• TASK TO COMPLETE:
Reproduce, with no alteration, the span of lines that begins at the line containing "text Ob. : [37, 37, 1203, 72]" and ends at the last line of the records, both ends included, and nothing else.

(RECORDS FOR THE EXERCISE begins)

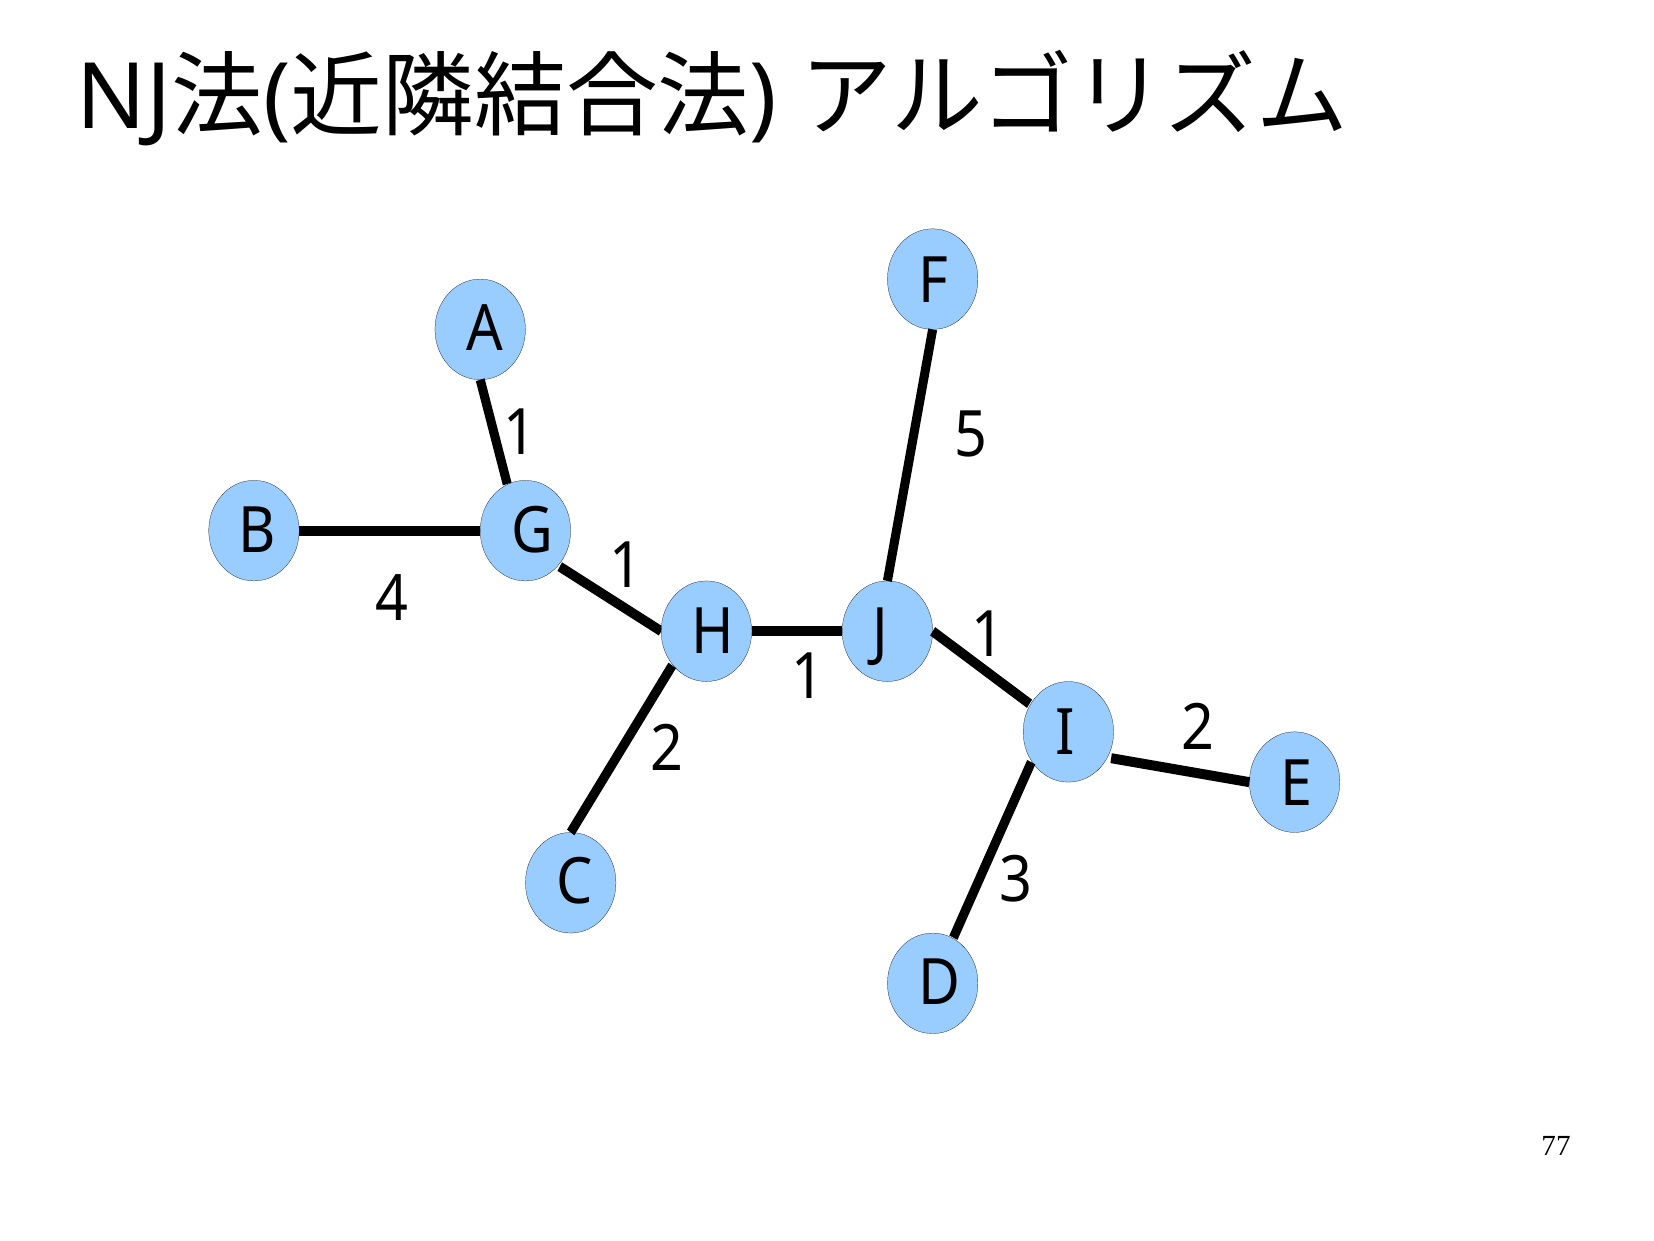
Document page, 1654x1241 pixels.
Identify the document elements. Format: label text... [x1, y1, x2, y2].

title NJ法(近隣結合法) アルゴリズム [76, 29, 1565, 148]
chart [164, 179, 1440, 1186]
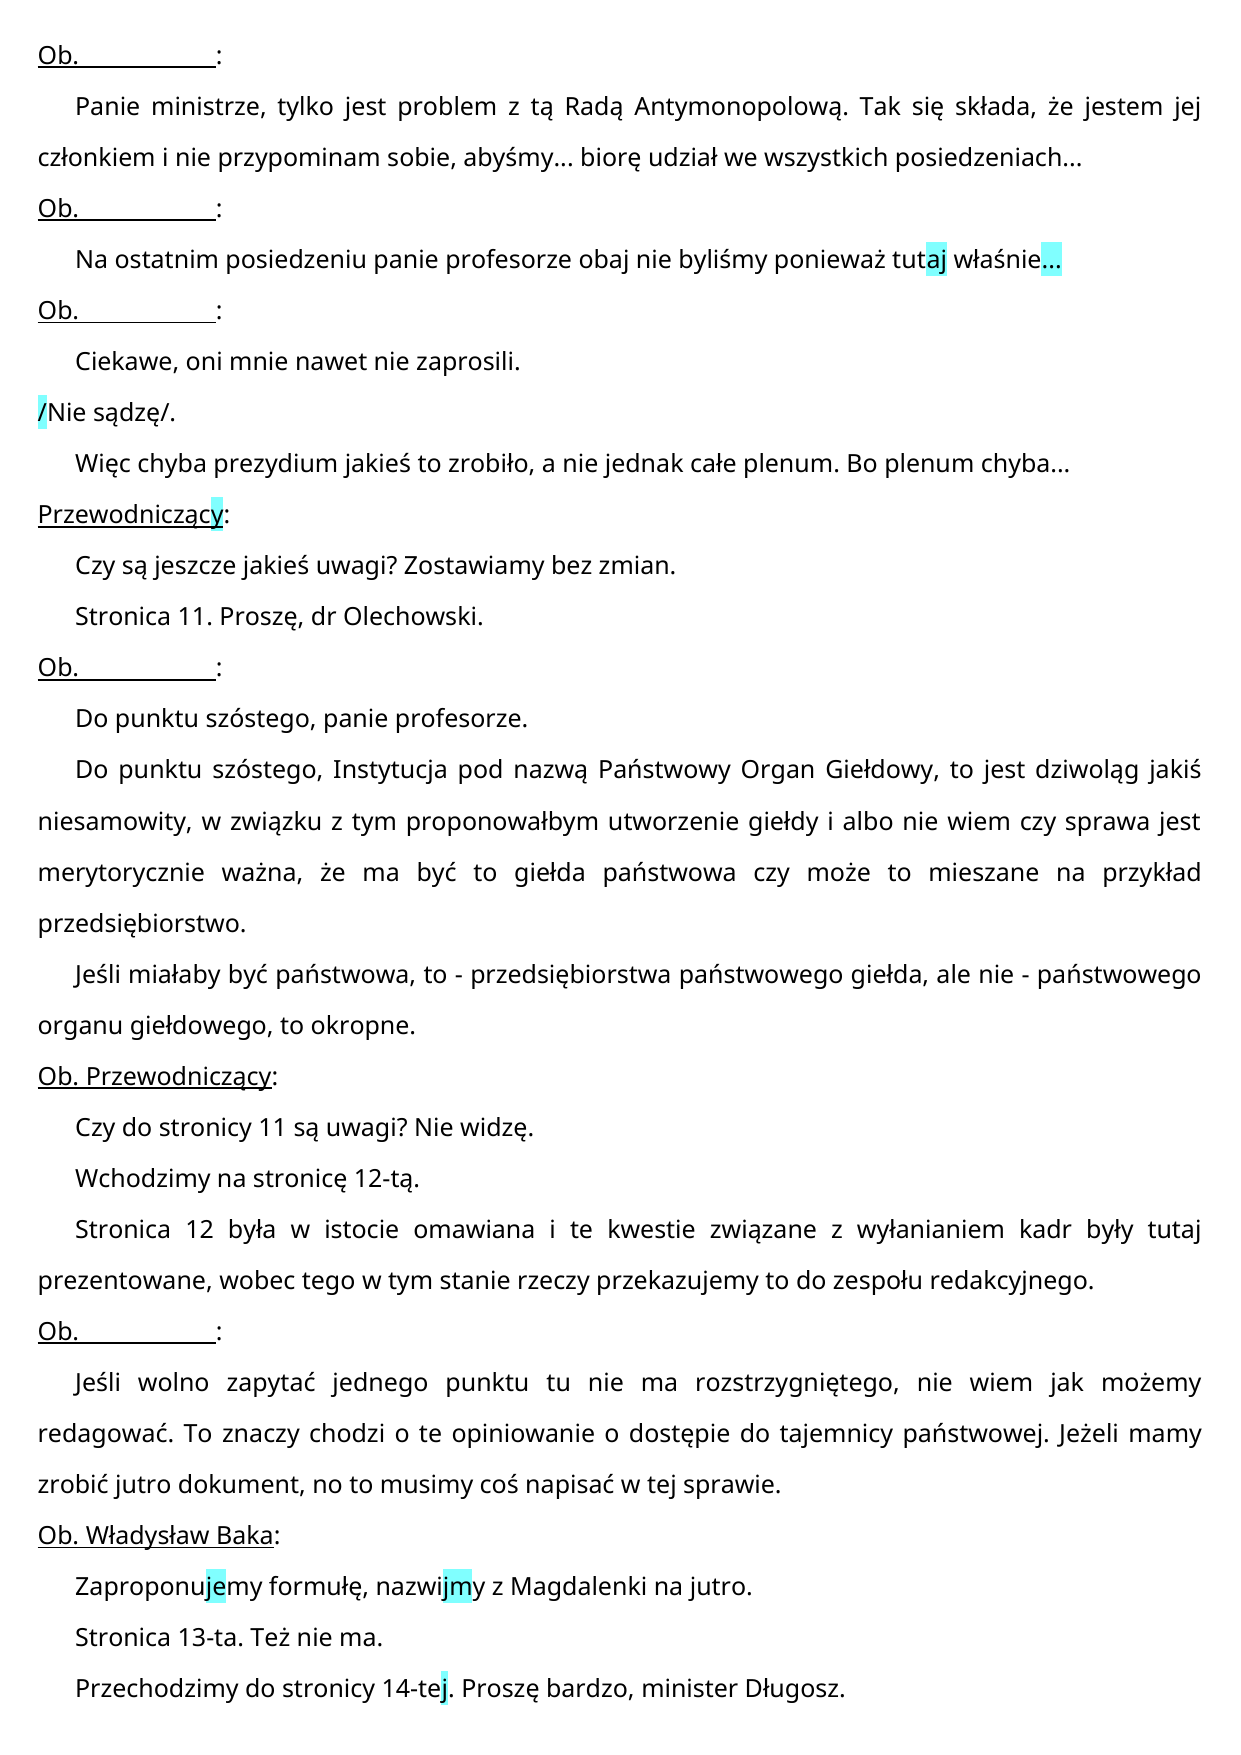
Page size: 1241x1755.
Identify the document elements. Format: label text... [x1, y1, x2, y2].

text Ciekawe, oni mnie nawet nie zaprosili. [37, 344, 1203, 378]
text Panie ministrze, tylko jest problem z tą Radą Antymonopolową. Tak się składa, że jestem jej członkiem i nie przypominam sobie, abyśmy... biorę udział we wszystkich posiedzeniach... [37, 88, 1203, 174]
text /Nie sądzę/. [37, 395, 1203, 429]
text Stronica 13-ta. Też nie ma. [37, 1620, 1203, 1654]
text Przechodzimy do stronicy 14-tej. Proszę bardzo, minister Długosz. [37, 1671, 1203, 1705]
text Czy są jeszcze jakieś uwagi? Zostawiamy bez zmian. [37, 548, 1203, 582]
text Ob. : [37, 1313, 1203, 1348]
text Czy do stronicy 11 są uwagi? Nie widzę. [37, 1109, 1203, 1143]
text Ob. Przewodniczący: [37, 1058, 1203, 1092]
text Zaproponujemy formułę, nazwijmy z Magdalenki na jutro. [37, 1569, 1203, 1603]
text Wchodzimy na stronicę 12-tą. [37, 1160, 1203, 1194]
text Jeśli miałaby być państwowa, to - przedsiębiorstwa państwowego giełda, ale nie - państwowego organu giełdowego, to okropne. [37, 956, 1203, 1041]
text Ob. : [37, 650, 1203, 684]
text Ob. : [37, 191, 1203, 225]
text Stronica 11. Proszę, dr Olechowski. [37, 599, 1203, 633]
text Ob. Władysław Baka: [37, 1518, 1203, 1552]
text Ob. : [37, 37, 1203, 72]
text Na ostatnim posiedzeniu panie profesorze obaj nie byliśmy ponieważ tutaj właśnie... [37, 242, 1203, 276]
text Więc chyba prezydium jakieś to zrobiło, a nie jednak całe plenum. Bo plenum chyba... [37, 446, 1203, 480]
text Stronica 12 była w istocie omawiana i te kwestie związane z wyłanianiem kadr były tutaj prezentowane, wobec tego w tym stanie rzeczy przekazujemy to do zespołu redakcyjnego. [37, 1211, 1203, 1297]
text Do punktu szóstego, panie profesorze. [37, 701, 1203, 735]
text Przewodniczący: [37, 497, 1203, 531]
text Ob. : [37, 293, 1203, 327]
text Do punktu szóstego, Instytucja pod nazwą Państwowy Organ Giełdowy, to jest dziwoląg jakiś niesamowity, w związku z tym proponowałbym utworzenie giełdy i albo nie wiem czy sprawa jest merytorycznie ważna, że ma być to giełda państwowa czy może to mieszane na przykład przedsiębiorstwo. [37, 752, 1203, 939]
text Jeśli wolno zapytać jednego punktu tu nie ma rozstrzygniętego, nie wiem jak możemy redagować. To znaczy chodzi o te opiniowanie o dostępie do tajemnicy państwowej. Jeżeli mamy zrobić jutro dokument, no to musimy coś napisać w tej sprawie. [37, 1364, 1203, 1501]

(RECORDS FOR THE EXERCISE ends)

• EXPECTED ANSWER:
text Ob. : [37, 37, 1203, 72]
text Na ostatnim posiedzeniu panie profesorze obaj nie byliśmy ponieważ tutaj właśnie... [37, 242, 1203, 276]
text Więc chyba prezydium jakieś to zrobiło, a nie jednak całe plenum. Bo plenum chyba... [37, 446, 1203, 480]
text Stronica 12 była w istocie omawiana i te kwestie związane z wyłanianiem kadr były tutaj prezentowane, wobec tego w tym stanie rzeczy przekazujemy to do zespołu redakcyjnego. [37, 1211, 1203, 1297]
text Do punktu szóstego, panie profesorze. [37, 701, 1203, 735]
text Przewodniczący: [37, 497, 1203, 531]
text Ob. : [37, 293, 1203, 327]
text Do punktu szóstego, Instytucja pod nazwą Państwowy Organ Giełdowy, to jest dziwoląg jakiś niesamowity, w związku z tym proponowałbym utworzenie giełdy i albo nie wiem czy sprawa jest merytorycznie ważna, że ma być to giełda państwowa czy może to mieszane na przykład przedsiębiorstwo. [37, 752, 1203, 939]
text Jeśli wolno zapytać jednego punktu tu nie ma rozstrzygniętego, nie wiem jak możemy redagować. To znaczy chodzi o te opiniowanie o dostępie do tajemnicy państwowej. Jeżeli mamy zrobić jutro dokument, no to musimy coś napisać w tej sprawie. [37, 1364, 1203, 1501]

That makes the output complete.